Extracted entries:
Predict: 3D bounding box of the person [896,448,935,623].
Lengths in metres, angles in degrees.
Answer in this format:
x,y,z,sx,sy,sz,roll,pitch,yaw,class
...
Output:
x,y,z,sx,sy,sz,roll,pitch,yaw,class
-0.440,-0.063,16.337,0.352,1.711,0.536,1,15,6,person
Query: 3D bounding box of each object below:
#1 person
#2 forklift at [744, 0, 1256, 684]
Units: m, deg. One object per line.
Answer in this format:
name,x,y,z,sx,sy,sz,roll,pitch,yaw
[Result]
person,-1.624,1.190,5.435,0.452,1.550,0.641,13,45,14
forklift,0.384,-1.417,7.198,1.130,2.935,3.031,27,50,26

About this exercise:
Select and copy each line from the data that includes the word "object".

Finished task:
Query: 3D bounding box of each object below:
Units: m, deg. One object per line.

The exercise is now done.